To prepare tempeh, combine first 4 ingredients, stirring with whisk. Add tempeh, turning to coat. Let stand at room temperature 20 minutes to 4 hours, turning once. Remove tempeh from marinade; discard marinade.
Heat 1 1/2 tablespoons olive oil in a wok or large nonstick skillet over medium-high heat. Add tempeh; sauté 2 minutes. Remove tempeh from pan.
To prepare spinach, heat 1 1/2 teaspoons olive oil in pan over medium-high heat. Add 1 1/2 tablespoons sake, salt, and spinach; stir-fry 1 minute or until spinach wilts. Remove spinach from pan with a slotted spoon.
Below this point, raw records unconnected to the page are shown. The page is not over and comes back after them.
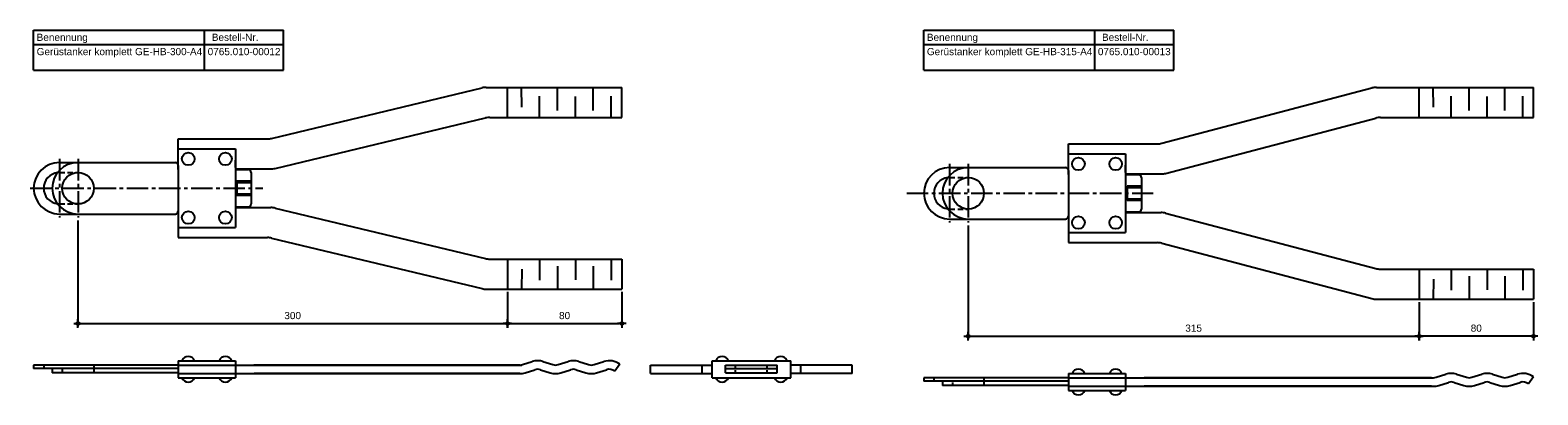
# Model space of a CAD drawing. Header units: inches. Extents: x 9 to 7368, y -7 to 253.
# Tile 7 of 8: x 5487 to 6541, y -2 to 253. Entities that reach past the tile are written whole.
import ezdxf

# ---------------------------------------------------------------- set-up
doc = ezdxf.new("R2010")
doc.units = ezdxf.units.IN
doc.header["$LTSCALE"] = 20
doc.header["$MEASUREMENT"] = 0
for name, pattern in [('ACDINWELD', [3, 2, -1]), ('MITTE2', [1.125, 0.75, -0.125, 0.125, -0.125]), ('VERDECKT2', [0.1875, 0.125, -0.0625])]:
    doc.linetypes.add(name, pattern=pattern)
doc.layers.add('Halfen', color=2, linetype='Continuous')
doc.styles.add('ARIAL50', font='ARIAL.TTF', dxfattribs={"height": 5})
doc.styles.get("Standard").update_dxf_attribs({"font": 'ARIAL.TTF'})
doc.dimstyles.new('AM_DIN$0', dxfattribs={"dimtxt": 2.5, "dimasz": 1, "dimexe": 1, "dimexo": 1, "dimgap": 1.5, "dimtad": 1, "dimdec": 0, "dimdsep": 46, "dimtxsty": 'Standard', "dimblk": 'Endpunkt', "dimcen": 0, "dimclrd": 1, "dimclre": 1, "dimclrt": 7, "dimadec": 0, "dimazin": 2, "dimtp": 0.1, "dimtm": 0.1, "dimtfac": 0.71, "dimtdec": 0, "dimtmove": 0, "dimatfit": 3, "dimfxl": 1, "dimlwd": -1, "dimlwe": -1, "dimarcsym": 0})

# ---------------------------------------------------------------- blocks, each defined once
blk = doc.blocks.new('Endpunkt')
at = {"color": 0, "linetype": 'ByBlock', "lineweight": -2}
for p, q in [((0, 0), (-1.5, 0)), ((0, 1.5), (0, 0)), ((0, 0), (0, -1.5)), ((1.5, 0), (0, 0))]:
    blk.add_line(p, q, dxfattribs=at)
blk.add_circle((0, 0), 0.5, dxfattribs=at)
blk = doc.blocks.new('*D24')
at = {"layer": 'Halfen', "color": 1, "transparency": 16777216}
for p, q in [((5520.9, 119.6), (5520.9, 45.6)), ((5820.9, 69.6), (5820.9, 45.6)), ((5522.9, 47.6), (5818.9, 47.6))]:
    blk.add_line(p, q, dxfattribs=at)
at = {"layer": 'Halfen', "color": 1, "transparency": 16777216, "xscale": 2, "yscale": 2, "zscale": 2, "rotation": 180}
blk.add_blockref('Endpunkt', (5520.9, 47.6), dxfattribs=at)
at = {"layer": 'Halfen', "color": 1, "transparency": 16777216, "xscale": 2, "yscale": 2, "zscale": 2}
blk.add_blockref('Endpunkt', (5820.9, 47.6), dxfattribs=at)
at = {"layer": 'Halfen', "color": 7, "transparency": 16777216, "insert": (5670.9, 53.1), "char_height": 5, "attachment_point": 5}
blk.add_mtext('300', dxfattribs=at)
blk = doc.blocks.new('*D25')
at = {"layer": 'Halfen', "color": 1, "transparency": 16777216}
for p, q in [((5820.9, 69.6), (5820.9, 45.6)), ((5900.9, 69.6), (5900.9, 45.6)), ((5822.9, 47.6), (5898.9, 47.6))]:
    blk.add_line(p, q, dxfattribs=at)
at = {"layer": 'Halfen', "color": 1, "transparency": 16777216, "xscale": 2, "yscale": 2, "zscale": 2, "rotation": 180}
blk.add_blockref('Endpunkt', (5820.9, 47.6), dxfattribs=at)
at = {"layer": 'Halfen', "color": 1, "transparency": 16777216, "xscale": 2, "yscale": 2, "zscale": 2}
blk.add_blockref('Endpunkt', (5900.9, 47.6), dxfattribs=at)
at = {"layer": 'Halfen', "color": 7, "transparency": 16777216, "insert": (5860.9, 53.1), "char_height": 5, "attachment_point": 5}
blk.add_mtext('80', dxfattribs=at)
blk = doc.blocks.new('*D26')
at = {"layer": 'Halfen', "color": 1, "transparency": 16777216}
for p, q in [((6457.9, 62.6), (6457.9, 36.7)), ((6537.9, 62.6), (6537.9, 36.7)), ((6535.9, 38.7), (6459.9, 38.7))]:
    blk.add_line(p, q, dxfattribs=at)
at = {"layer": 'Halfen', "color": 1, "transparency": 16777216, "xscale": 2, "yscale": 2, "zscale": 2, "rotation": 180}
blk.add_blockref('Endpunkt', (6457.9, 38.7), dxfattribs=at)
at = {"layer": 'Halfen', "color": 1, "transparency": 16777216, "xscale": 2, "yscale": 2, "zscale": 2}
blk.add_blockref('Endpunkt', (6537.9, 38.7), dxfattribs=at)
at = {"layer": 'Halfen', "color": 7, "transparency": 16777216, "insert": (6497.9, 44.3), "char_height": 5, "attachment_point": 5}
blk.add_mtext('80', dxfattribs=at)
blk = doc.blocks.new('*D27')
at = {"layer": 'Halfen', "color": 1, "transparency": 16777216}
for p, q in [((6142.9, 116.1), (6142.9, 36.7)), ((6457.9, 62.6), (6457.9, 36.7)), ((6144.9, 38.7), (6455.9, 38.7))]:
    blk.add_line(p, q, dxfattribs=at)
at = {"layer": 'Halfen', "color": 1, "transparency": 16777216, "xscale": 2, "yscale": 2, "zscale": 2, "rotation": 180}
blk.add_blockref('Endpunkt', (6142.9, 38.7), dxfattribs=at)
at = {"layer": 'Halfen', "color": 1, "transparency": 16777216, "xscale": 2, "yscale": 2, "zscale": 2}
blk.add_blockref('Endpunkt', (6457.9, 38.7), dxfattribs=at)
at = {"layer": 'Halfen', "color": 7, "transparency": 16777216, "insert": (6300.4, 44.3), "char_height": 5, "attachment_point": 5}
blk.add_mtext('315', dxfattribs=at)

msp = doc.modelspace()

# ---------------------------------------------------------------- linework, layer by layer
at = {"layer": 'Halfen'}
for p, q in [((5489.917, 252.599), (5664.501, 252.599)), ((5489.917, 224.599), (5489.917, 252.599)), ((5489.917, 242.599), (5664.501, 242.599)), ((5609.404, 224.599), (5609.404, 252.599)), ((5664.501, 224.599), (5664.501, 252.599)), ((6111.917, 252.599), (6286.501, 252.599)), ((6111.917, 224.599), (6111.917, 252.599)), ((6111.917, 242.599), (6286.501, 242.599)), ((6231.404, 224.599), (6231.404, 252.599)), ((6286.501, 224.599), (6286.501, 252.599)), ((5489.917, 224.599), (5664.501, 224.599)), ((6111.917, 224.599), (6286.501, 224.599)), ((5656.113, 176.944), (5803.237, 212.254)), ((5806.154, 212.599), (5900.917, 212.599)), ((5900.917, 191.599), (5900.917, 212.599)), ((6278.123, 173.511), (6424.993, 212.187)), ((6428.176, 212.599), (6537.917, 212.599)), ((6537.917, 191.599), (6537.917, 212.599)), ((5658.598, 155.944), (5805.721, 191.254)), ((5808.639, 191.599), (5900.917, 191.599)), ((6280.841, 152.511), (6427.712, 191.187)), ((6430.895, 191.599), (6537.917, 191.599)), ((5590.917, 176.599), (5653.196, 176.599)), ((5590.917, 155.099), (5590.917, 176.599)), ((5590.917, 169.599), (5630.917, 169.599)), ((5630.917, 169.599), (5630.917, 114.599)), ((6212.917, 173.099), (6274.94, 173.099)), ((6212.917, 151.599), (6212.917, 173.099)), ((5507.917, 160.099), (5520.917, 160.099)), ((5520.917, 160.099), (5588.917, 160.099)), ((5590.917, 156.599), (5590.917, 165.586)), ((5590.917, 162.599), (5590.917, 162.599)), ((5590.917, 158.099), (5590.917, 126.099)), ((5630.917, 156.599), (5630.917, 161.771)), ((6212.917, 166.099), (6252.917, 166.099)), ((6212.917, 153.099), (6212.917, 162.086)), ((6212.917, 159.099), (6212.917, 159.099)), ((6252.917, 166.099), (6252.917, 111.099)), ((6252.917, 153.099), (6252.917, 158.271)), ((5630.917, 155.599), (5655.681, 155.599)), ((5630.917, 155.099), (5639.917, 155.099)), ((5641.917, 153.099), (5641.917, 131.099)), ((6129.917, 156.599), (6142.917, 156.599)), ((6142.917, 156.599), (6210.917, 156.599)), ((6212.917, 154.599), (6212.917, 122.599)), ((6252.917, 152.099), (6277.658, 152.099)), ((6252.917, 151.599), (6261.917, 151.599)), ((6263.917, 149.599), (6263.917, 127.599)), ((5631.917, 147.115), (5631.917, 137.083)), ((5641.917, 147.115), (5631.917, 147.115)), ((5631.917, 146.099), (5641.917, 146.099)), ((5631.917, 138.099), (5641.917, 138.099)), ((5641.917, 137.083), (5631.917, 137.083)), ((6253.917, 143.615), (6253.917, 133.583)), ((6263.917, 143.615), (6253.917, 143.615)), ((6253.917, 142.599), (6263.917, 142.599)), ((5590.917, 127.599), (5590.917, 107.599)), ((5630.917, 129.099), (5639.917, 129.099)), ((5630.917, 128.599), (5655.681, 128.599)), ((5658.598, 128.254), (5805.721, 92.944)), ((6253.917, 134.599), (6263.917, 134.599)), ((6263.917, 133.583), (6253.917, 133.583)), ((5507.917, 124.099), (5520.917, 124.099)), ((5520.917, 124.099), (5588.917, 124.099)), ((5590.917, 126.099), (5590.917, 121.599)), ((5590.917, 121.599), (5590.917, 118.612)), ((6129.917, 120.599), (6142.917, 120.599)), ((6142.917, 120.599), (6210.917, 120.599)), ((6212.917, 124.099), (6212.917, 104.099)), ((6212.917, 122.599), (6212.917, 118.099)), ((6212.917, 118.099), (6212.917, 115.112)), ((6252.917, 125.599), (6261.917, 125.599)), ((6252.917, 125.099), (6277.666, 125.099)), ((6252.917, 125.099), (6262.612, 125.099)), ((6280.841, 124.687), (6427.712, 86.011)), ((5590.917, 114.599), (5630.917, 114.599)), ((5590.917, 107.599), (5653.196, 107.599)), ((5656.113, 107.254), (5803.237, 71.944)), ((6212.917, 111.099), (6252.917, 111.099)), ((6212.917, 104.099), (6274.94, 104.099)), ((6278.123, 103.687), (6424.993, 65.011)), ((5808.639, 92.599), (5900.917, 92.599)), ((5900.917, 92.599), (5900.917, 71.599)), ((6430.895, 85.599), (6537.917, 85.599)), ((6537.917, 85.599), (6537.917, 64.599)), ((5806.154, 71.599), (5900.917, 71.599)), ((6428.176, 64.599), (6537.917, 64.599)), ((5590.917, 21.573), (5630.917, 21.573)), ((5590.917, 21.573), (5590.917, 9.573)), ((5630.917, 21.573), (5630.917, 9.573)), ((5963.917, 21.573), (6018.917, 21.573)), ((5963.917, 9.573), (5963.917, 21.573)), ((6018.917, 9.573), (6018.917, 21.573)), ((5590.917, 18.573), (5489.917, 18.573)), ((5489.917, 18.573), (5489.917, 16.073)), ((5590.917, 16.073), (5489.917, 16.073)), ((5502.917, 16.073), (5502.917, 13.073)), ((5590.917, 13.073), (5502.917, 13.073)), ((5590.917, 18.573), (5830.917, 18.573)), ((5590.917, 12.573), (5830.917, 12.573)), ((5829.57, 18.573), (5643.836, 18.573)), ((5829.601, 12.573), (5643.9, 12.573)), ((5831.508, 18.869), (5838.341, 21.004)), ((5833.298, 13.142), (5840.131, 15.278)), ((5844.008, 15.278), (5850.841, 13.142)), ((5845.798, 21.004), (5852.631, 18.869)), ((5856.508, 18.869), (5863.341, 21.004)), ((5858.298, 13.142), (5865.131, 15.278)), ((5869.008, 15.278), (5875.841, 13.142)), ((5870.798, 21.004), (5877.631, 18.869)), ((5881.508, 18.869), (5888.341, 21.004)), ((5883.298, 13.142), (5890.131, 15.278)), ((5899.57, 19.073), (5895.97, 14.273)), ((5920.917, 12.573), (5920.917, 18.573)), ((5920.917, 18.573), (5963.917, 18.573)), ((5920.917, 12.573), (5963.917, 12.573)), ((5956.917, 12.573), (5956.917, 18.573)), ((5973.417, 13.073), (5973.417, 18.573)), ((5973.417, 18.573), (6009.417, 18.573)), ((5973.417, 16.073), (6009.417, 16.073)), ((5973.417, 13.073), (6009.417, 13.073)), ((6009.417, 13.073), (6009.417, 18.573)), ((6061.917, 18.573), (6018.917, 18.573)), ((6061.917, 12.573), (6018.917, 12.573)), ((6025.917, 12.573), (6025.917, 18.573)), ((6061.917, 12.573), (6061.917, 18.573)), ((6212.917, 12.713), (6252.917, 12.713)), ((6212.917, 12.713), (6212.917, 0.713)), ((6252.917, 12.713), (6252.917, 0.713)), ((6469.856, 10.009), (6476.689, 12.144)), ((6484.145, 12.144), (6490.979, 10.009)), ((6494.856, 10.009), (6501.689, 12.144)), ((6509.145, 12.144), (6515.979, 10.009)), ((6519.856, 10.009), (6526.689, 12.144)), ((5590.917, 9.573), (5630.917, 9.573)), ((5963.917, 9.573), (6018.917, 9.573)), ((6212.917, 9.713), (6111.917, 9.713)), ((6111.917, 9.713), (6111.917, 7.213)), ((6212.917, 7.213), (6111.917, 7.213)), ((6124.917, 7.213), (6124.917, 4.213)), ((6212.917, 4.213), (6124.917, 4.213)), ((6212.917, 9.713), (6467.917, 9.713)), ((6212.917, 3.713), (6467.917, 3.713)), ((6212.917, 0.713), (6252.917, 0.713)), ((6466.57, 9.713), (6265.836, 9.713)), ((6466.601, 3.713), (6265.9, 3.713)), ((6471.645, 4.282), (6478.479, 6.417)), ((6482.356, 6.417), (6489.189, 4.282)), ((6496.645, 4.282), (6503.479, 6.417)), ((6507.356, 6.417), (6514.189, 4.282)), ((6521.645, 4.282), (6528.479, 6.417)), ((6537.917, 10.213), (6534.317, 5.413))]:
    msp.add_line(p, q, dxfattribs=at)
at = {"layer": 'Halfen', "color": 1}
for p, q in [((5820.917, 191.599), (5820.917, 212.599)), ((5830.917, 198.734), (5830.865, 212.599)), ((5855.917, 196.554), (5855.917, 212.599)), ((5880.917, 196.554), (5880.917, 212.599)), ((6457.917, 191.599), (6457.917, 212.599)), ((6467.917, 198.734), (6467.865, 212.599)), ((6492.917, 196.554), (6492.917, 212.599)), ((6517.917, 196.554), (6517.917, 212.599)), ((5843.417, 191.599), (5843.417, 206.426)), ((5868.417, 191.599), (5868.417, 206.151)), ((5893.417, 191.599), (5893.417, 206.426)), ((6480.417, 191.599), (6480.417, 206.426)), ((6505.417, 191.599), (6505.417, 206.151)), ((6530.417, 191.599), (6530.417, 206.426)), ((5820.917, 92.599), (5820.917, 71.599)), ((5830.917, 85.464), (5830.865, 71.599)), ((5843.417, 92.599), (5843.417, 77.772)), ((5855.917, 87.644), (5855.917, 71.599)), ((5868.417, 92.599), (5868.417, 78.046)), ((5880.917, 87.644), (5880.917, 71.599)), ((5893.417, 92.599), (5893.417, 77.772)), ((6457.917, 85.599), (6457.917, 64.599)), ((6480.417, 85.599), (6480.417, 70.772)), ((6505.417, 85.599), (6505.417, 71.046)), ((6530.417, 85.599), (6530.417, 70.772)), ((6467.917, 78.464), (6467.865, 64.599)), ((6492.917, 80.644), (6492.917, 64.599)), ((6517.917, 80.644), (6517.917, 64.599))]:
    msp.add_line(p, q, dxfattribs=at)
at = {"layer": 'Halfen', "color": 1, "linetype": 'MITTE2'}
for p, q in [((5507.917, 162.599), (5507.917, 121.599)), ((5520.917, 162.599), (5520.917, 121.599)), ((6129.917, 159.099), (6129.917, 118.099)), ((6142.917, 159.099), (6142.917, 118.099)), ((5487.474, 142.099), (5650.14, 142.099)), ((6099.987, 138.599), (6272.14, 138.599))]:
    msp.add_line(p, q, dxfattribs=at)
at = {"layer": 'Halfen', "color": 1, "linetype": 'VERDECKT2', "ltscale": 1.5}
for p, q in [((5507.917, 153.099), (5520.917, 153.099)), ((6129.917, 149.599), (6142.917, 149.599)), ((5507.917, 131.099), (5520.917, 131.099)), ((6129.917, 127.599), (6142.917, 127.599))]:
    msp.add_line(p, q, dxfattribs=at)
at = {"layer": 'Halfen', "color": 1, "linetype": 'VERDECKT2', "ltscale": 0.2}
for p, q in [((5496.917, 18.573), (5496.917, 16.073)), ((5509.917, 16.073), (5509.917, 13.073)), ((5531.917, 18.573), (5531.917, 13.073)), ((5980.417, 13.073), (5980.417, 18.573)), ((6002.417, 13.073), (6002.417, 18.573)), ((6118.917, 9.713), (6118.917, 7.213)), ((6131.917, 7.213), (6131.917, 4.213)), ((6153.917, 9.713), (6153.917, 4.213))]:
    msp.add_line(p, q, dxfattribs=at)
at = {"layer": 'Halfen'}
for centre, radius in [((5597.917, 162.599), 4.4), ((5623.917, 162.599), 4.4), ((6219.917, 159.099), 4.4), ((6245.917, 159.099), 4.4), ((5520.917, 142.099), 11), ((6142.917, 138.599), 11), ((5597.917, 121.599), 4.4), ((5623.917, 121.599), 4.4), ((6219.917, 118.099), 4.4), ((6245.917, 118.099), 4.4)]:
    msp.add_circle(centre, radius, dxfattribs=at)
for centre, radius, start, end in [((5806.154, 200.099), 12.5, 90, 103.495733), ((6428.176, 200.099), 12.5, 90, 104.752963), ((5808.639, 179.099), 12.5, 90, 103.495733), ((6430.895, 179.099), 12.5, 90, 104.752963), ((5653.196, 189.099), 12.5, 270, 283.495733), ((6274.94, 185.599), 12.5, 270, 284.752963), ((5507.917, 142.099), 18, 90, 270), ((5520.917, 142.099), 18, 90, 270), ((5588.917, 158.099), 2, 0, 90), ((5507.917, 142.099), 11, 96.827533, 263.172467), ((5639.917, 153.099), 2, 0, 90), ((5655.681, 168.099), 12.5, 270, 283.495733), ((6129.917, 138.599), 18, 90, 270), ((6129.917, 138.599), 11, 96.827533, 263.172467), ((6142.917, 138.599), 18, 90, 270), ((6210.917, 154.599), 2, 0, 90), ((6261.917, 149.599), 2, 0, 90), ((6277.658, 164.599), 12.5, 270, 284.752963), ((5639.917, 131.099), 2, 270, 0), ((5655.681, 116.099), 12.5, 76.504267, 90), ((6261.917, 127.599), 2, 270, 0), ((5588.917, 126.099), 2, 270, 0), ((6210.917, 122.599), 2, 270, 0), ((6277.658, 112.599), 12.5, 75.247037, 90), ((5653.196, 95.099), 12.5, 76.504267, 90), ((6274.94, 91.599), 12.5, 75.247037, 90), ((5808.639, 105.099), 12.5, 256.504267, 270), ((6430.895, 98.099), 12.5, 255.247037, 270), ((5806.154, 84.099), 12.5, 256.504267, 270), ((6428.176, 77.099), 12.5, 255.247037, 270), ((5597.917, 19.847), 4.726, 21.426246, 158.573754), ((5623.917, 19.847), 4.726, 21.426246, 158.573754), ((5842.07, 9.073), 12.5, 72.646912, 107.353088), ((5867.07, 9.073), 12.5, 72.646912, 107.353088), ((5892.07, 9.073), 12.5, 53.130102, 107.353088), ((5970.917, 19.847), 4.726, 21.426246, 158.573754), ((6011.917, 19.847), 4.726, 21.426246, 158.573754), ((5829.57, 25.073), 6.5, 270, 287.353088), ((5829.57, 25.073), 12.5, 270, 287.353088), ((5842.07, 9.073), 6.5, 72.646912, 107.353088), ((5854.57, 25.073), 12.5, 252.646912, 287.353088), ((5854.57, 25.073), 6.5, 252.646912, 287.353088), ((5867.07, 9.073), 6.5, 72.646912, 107.353088), ((5879.57, 25.073), 12.5, 252.646912, 287.353088), ((5879.57, 25.073), 6.5, 252.646912, 287.353088), ((5892.07, 9.073), 6.5, 53.130102, 107.353088), ((6219.917, 10.986), 4.726, 21.426246, 158.573754), ((6245.917, 10.986), 4.726, 21.426246, 158.573754), ((6480.417, 0.213), 12.5, 72.646912, 107.353088), ((6505.417, 0.213), 12.5, 72.646912, 107.353088), ((6530.417, 0.213), 12.5, 53.130102, 107.353088), ((5597.917, 11.3), 4.726, 201.426246, 338.573754), ((5623.917, 11.3), 4.726, 201.426246, 338.573754), ((5970.917, 11.3), 4.726, 201.426246, 338.573754), ((6011.917, 11.3), 4.726, 201.426246, 338.573754), ((6219.917, 2.439), 4.726, 201.426246, 338.573754), ((6245.917, 2.439), 4.726, 201.426246, 338.573754), ((6467.917, 16.213), 6.5, 270, 287.353088), ((6467.917, 16.213), 12.5, 270, 287.353088), ((6480.417, 0.213), 6.5, 72.646912, 107.353088), ((6492.917, 16.213), 12.5, 252.646912, 287.353088), ((6492.917, 16.213), 6.5, 252.646912, 287.353088), ((6505.417, 0.213), 6.5, 72.646912, 107.353088), ((6517.917, 16.213), 12.5, 252.646912, 287.353088), ((6517.917, 16.213), 6.5, 252.646912, 287.353088), ((6530.417, 0.213), 6.5, 53.130102, 107.353088)]:
    msp.add_arc(centre, radius, start, end, dxfattribs=at)
at = {"layer": 'Halfen', "color": 1, "linetype": 'ACDINWELD', "ltscale": 1.5}
for start, end in [(90, 96.827533), (263.172467, 270)]:
    msp.add_arc((5507.917, 142.099), 11, start, end, dxfattribs=at)
at = {"layer": 'Halfen', "color": 1, "linetype": 'ACDINWELD', "ltscale": 3}
for start, end in [(90, 96.827533), (263.172467, 270)]:
    msp.add_arc((6129.917, 138.599), 11, start, end, dxfattribs=at)

# ---------------------------------------------------------------- texts
at = {"layer": 'Halfen', "style": 'ARIAL50'}
for s, p in [('Benennung', (5492.017, 245.099)), ('Bestell-Nr.', (5614.404, 245.099)), ('Benennung', (6114.017, 245.099)), ('Bestell-Nr.', (6236.404, 245.099)), ('Gerüstanker komplett GE-HB-300-A4', (5492.017, 235.099)), ('0765.010-00012', (5611.504, 235.099)), ('Gerüstanker komplett GE-HB-315-A4', (6114.017, 235.099)), ('0765.010-00013', (6233.504, 235.099))]:
    msp.add_text(s, height=5, dxfattribs=at).set_placement(p)

# ---------------------------------------------------------------- dimensions: what is measured, and where the dimension line sits
at = {"layer": 'Halfen', "color": 1}
for base, p1, p2, picture, middle in [((5820.917, 47.573), (5520.917, 121.599), (5820.917, 71.599), '*D24', (5670.917, 53.128)), ((6457.917, 38.712), (6142.917, 118.099), (6457.917, 64.599), '*D27', (6300.417, 44.267)), ((5900.917, 47.573), (5820.917, 71.599), (5900.917, 71.599), '*D25', (5860.917, 53.126)), ((6457.917, 38.712), (6537.917, 64.599), (6457.917, 64.599), '*D26', (6497.917, 44.265))]:
    dim = msp.add_linear_dim(base=base, p1=p1, p2=p2, dimstyle='AM_DIN$0', override={"dimscale": 2, "dimdec": 2, "dimadec": 2, "dimtdec": 2, "dimtix": 1}, dxfattribs=at)
    dim.commit()
    dim.dimension.update_dxf_attribs({"geometry": picture, "text_midpoint": middle})

doc.saveas('drawing.dxf')

Combine sugar, 3 tablespoons soy sauce, water, and juice; set aside. Heat 1 tablespoon olive oil in pan over medium-high heat. Add onion and garlic; stir-fry 3 minutes or until onions are tender. Add tempeh, sugar mixture, and basil, stirring to combine. Cook 2 minutes or until heated, stirring frequently. Spoon tempeh mixture in the center of a serving platter; arrange spinach around tempeh. Serve with rice.
Haven't had a lot of luck finding decent tempeh recipes and this one turned out really tasty! Used dry sherry instead of sake because rice wine has salt added to it, and thought it might be too salty. It was perfect!
This was really delicious and much more filling than it might seem. My only change was to skip the oil when cooking the spinach (not needed) and to halve the recipe for our smaller family. Marinated the tempeh about 3 hours for great flavor. Served with the wonderful Rainbow Vietnamese salad for a refreshing summer dinner.